Temper-Then-Tilt: Principled Unlearning for Generative Models through Tempering and Classifier Guidance
Jacob L. Block, Mehryar Mohri, Aryan Mokhtari, Sanjay Shakkottai
TL;DR
This work reframes unlearning in generative models as distribution correction via density-ratio estimation, modeling the data as a mixture $p(z)=(1-\gamma)p_r(z)+\gamma p_f(z)$. It shows that classical classifier-guided tilting can leak forget-set information when $p_f$ is sharply concentrated, and introduces Temper-Then-Tilt Unlearning (T3-Unlearning) that first temper the base distribution by a factor $p(z)^{1/T}$ and then tilt with a learned classifier ${\hat f}$, yielding $\hat p^{(T)}_r(z) \propto p(z)^{1/T} \hat f(z)$. The paper proves finite-sample guarantees linking classifier excess risk $\delta$ to Retain and Forget Errors, showing tempered estimation reduces Forget-Error scaling from linear in $\|p_f\|_\infty$ to $\|p_f\|_\infty^{1/T}$ plus a tempering bias, at the cost of a tempered Retain-Error bias. Empirically, on the TOFU benchmark with Llama 3.1 8B, T3-Unlearning outperforms baselines in forget quality while maintaining high generative utility, and achieves this with a tiny fraction of trainable parameters and faster runtimes. Overall, the approach provides principled, efficient unlearning with provable guarantees and strong practical performance for large language models.
Abstract
We study machine unlearning in large generative models by framing the task as density ratio estimation to a target distribution rather than supervised fine-tuning.

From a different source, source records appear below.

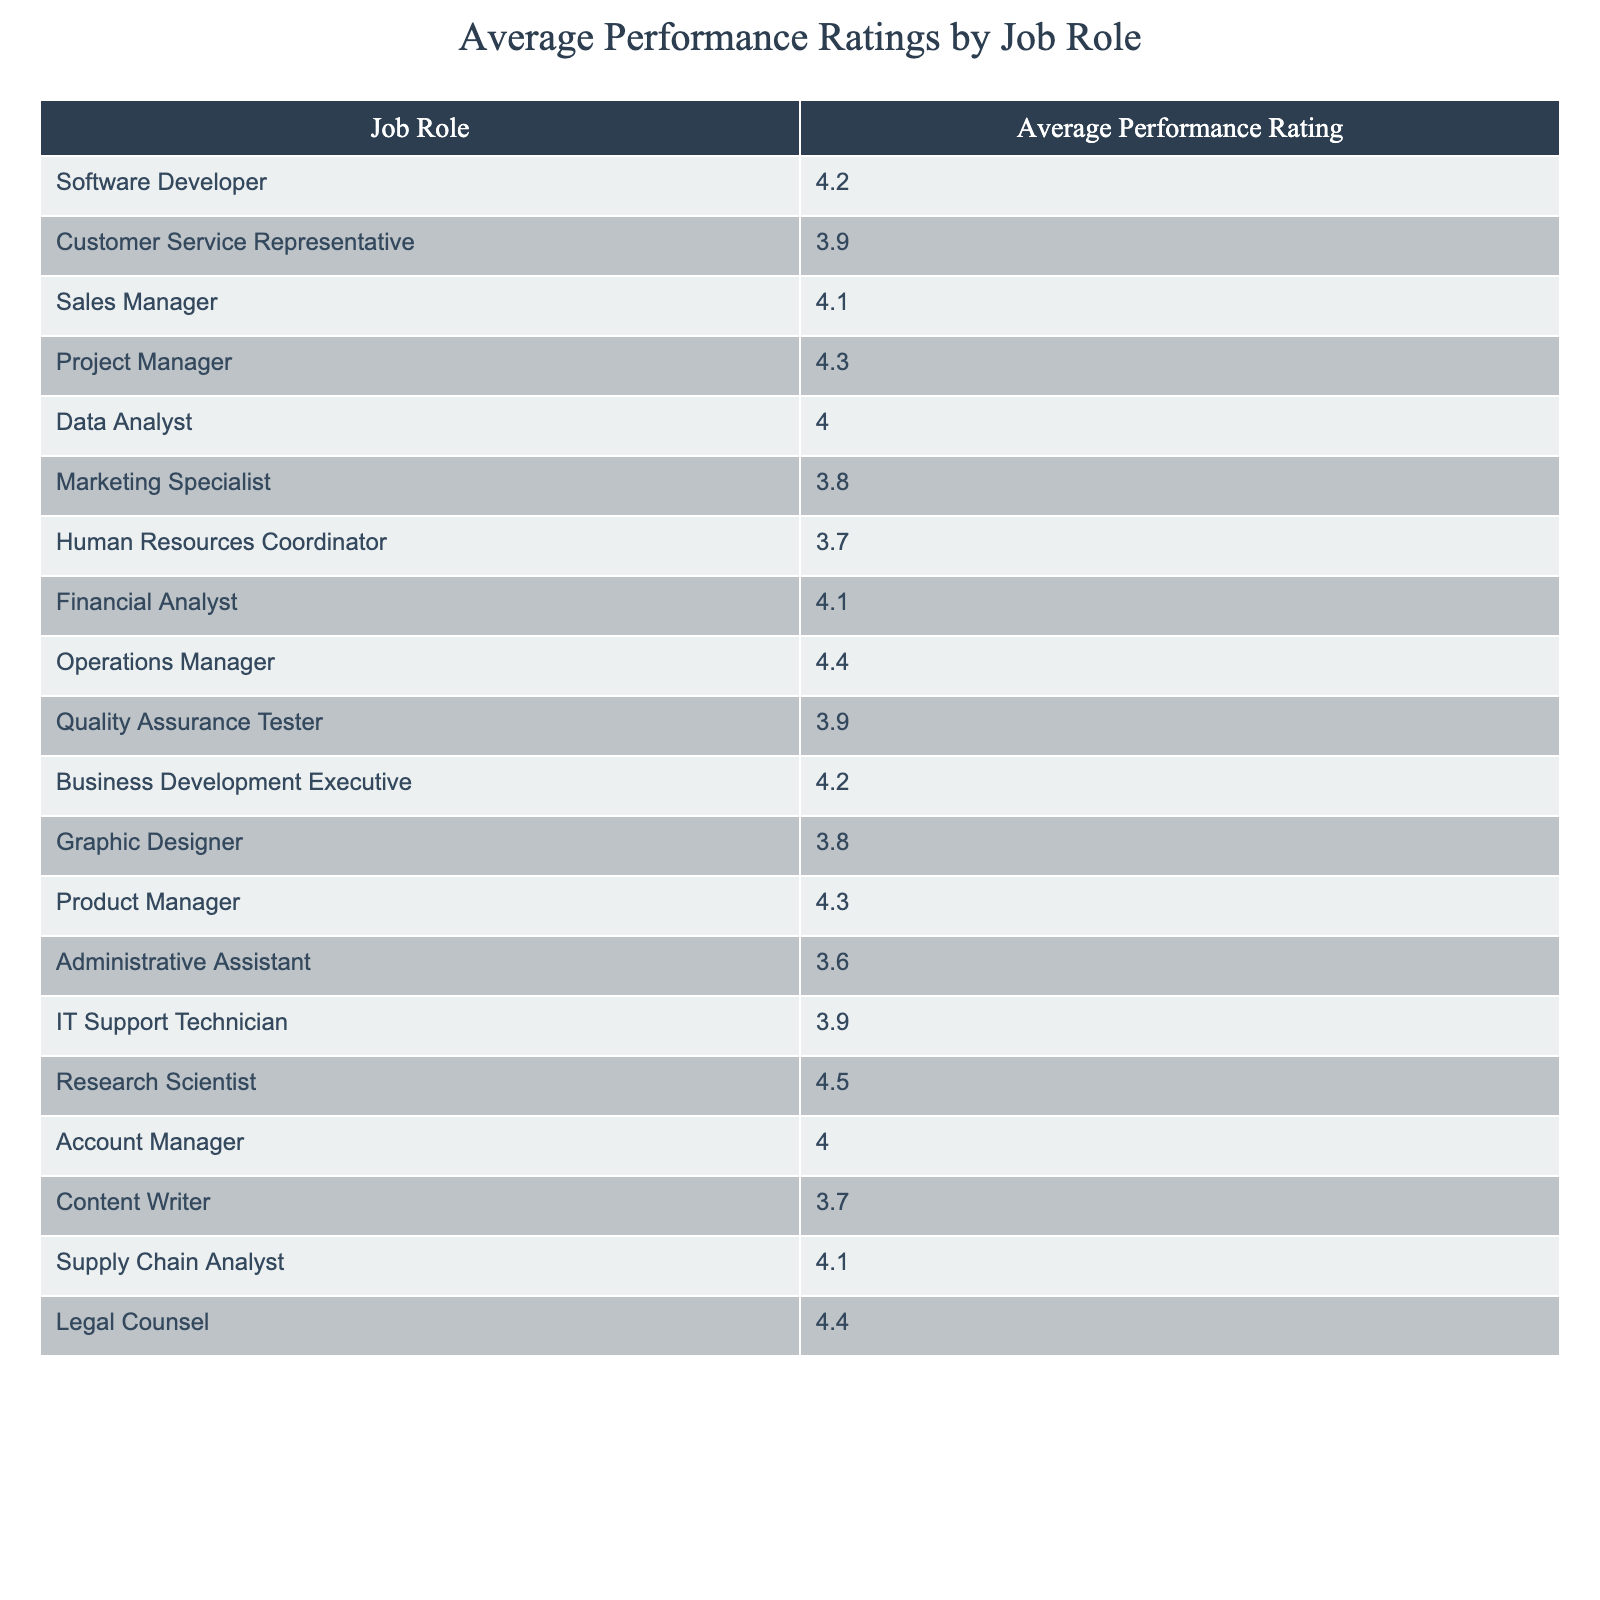What is the average performance rating for a Project Manager? The average performance rating for a Project Manager is directly listed in the table, showing a value of 4.3.
Answer: 4.3 Which job role has the lowest average performance rating? By comparing all average performance ratings listed in the table, the job role with the lowest average is Administrative Assistant, with a rating of 3.6.
Answer: 3.6 How many job roles have an average performance rating above 4.0? Counting the roles listed with ratings above 4.0, we find Software Developer, Sales Manager, Project Manager, Financial Analyst, Operations Manager, Business Development Executive, Research Scientist, Account Manager, Supply Chain Analyst, and Legal Counsel, totaling 9 job roles.
Answer: 9 Is the average performance rating for a Data Analyst higher than that for a Marketing Specialist? The average performance rating for Data Analyst is 4.0, while for Marketing Specialist it is 3.8; therefore, Data Analyst has a higher rating.
Answer: Yes What is the difference in average performance ratings between Operations Manager and Human Resources Coordinator? The average for Operations Manager is 4.4 and for Human Resources Coordinator is 3.7. The difference is 4.4 - 3.7 = 0.7.
Answer: 0.7 Which job role has a higher average rating: Graphic Designer or Content Writer? The average performance rating for Graphic Designer is 3.8, and for Content Writer, it is 3.7. Comparing these values shows that Graphic Designer has a higher rating.
Answer: Graphic Designer What is the average performance rating for the Sales Manager and Project Manager combined? The average performance ratings are 4.1 (Sales Manager) and 4.3 (Project Manager); adding these gives 4.1 + 4.3 = 8.4. To find the average, we divide by 2: 8.4 / 2 = 4.2.
Answer: 4.2 Are there more job roles with ratings above 4.0 than those below 4.0? Counting the job roles, there are 9 with ratings above 4.0 and 6 with ratings below 4.0. Since 9 is greater than 6, the statement is true.
Answer: Yes Which job roles have the same average performance rating of 4.1? The job roles that share an average performance rating of 4.1 are Financial Analyst and Supply Chain Analyst, based on the values provided in the table.
Answer: Financial Analyst, Supply Chain Analyst If the average rating for the Research Scientist is excluded, what is the new average for the remaining roles? The average rating for Research Scientist is 4.5. There are 20 job roles in total, summing the remaining ratings provides a total of 75.5 (excluding Research Scientist). To find the new average, divide 75.5 by 19 (the remaining roles): 75.5 / 19 = approximately 3.97.
Answer: Approximately 3.97 
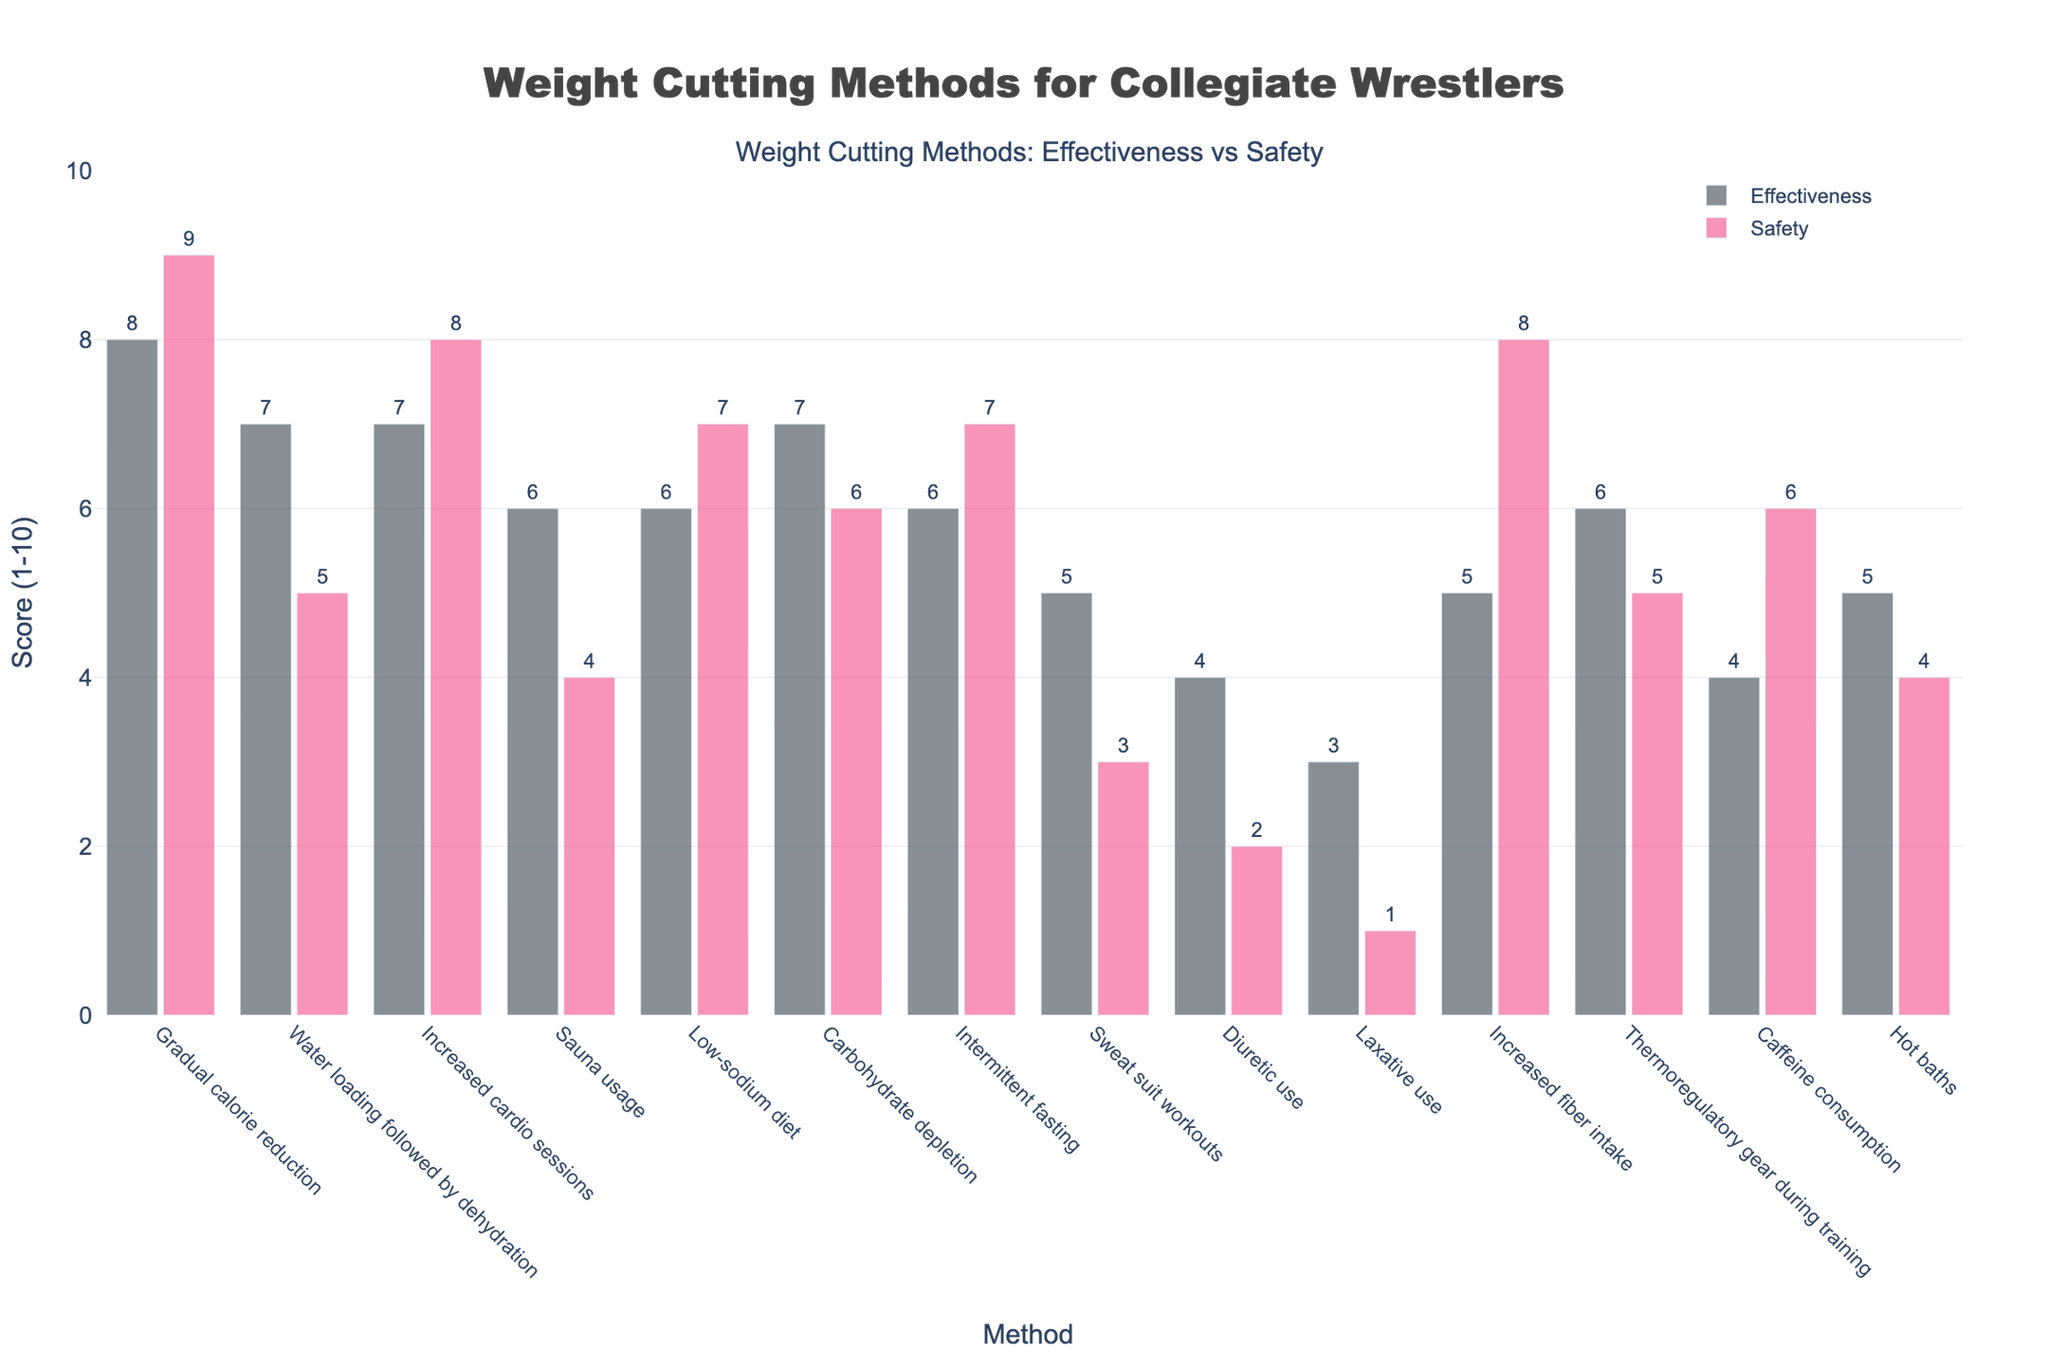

While classifier guidance is a standard approach for approximating this ratio and can succeed in general, we show it can fail to faithfully unlearn with finite samples when the forget set represents a sharp, concentrated data distribution. To address this, we introduce Temper-Then-Tilt Unlearning (T3-Unlearning), which freezes the base model and applies a two-step inference procedure: (i) tempering the base distribution to flatten high-confidence spikes, and (ii) tilting the tempered distribution using a lightweight classifier trained to distinguish retain from forget samples. Our theoretical analysis provides finite-sample guarantees linking the surrogate classifier's risk to unlearning error, proving that tempering is necessary to successfully unlearn for concentrated distributions. Empirical evaluations on the TOFU benchmark show that T3-Unlearning improves forget quality and generative utility over existing baselines, while training only a fraction of the parameters with a minimal runtime.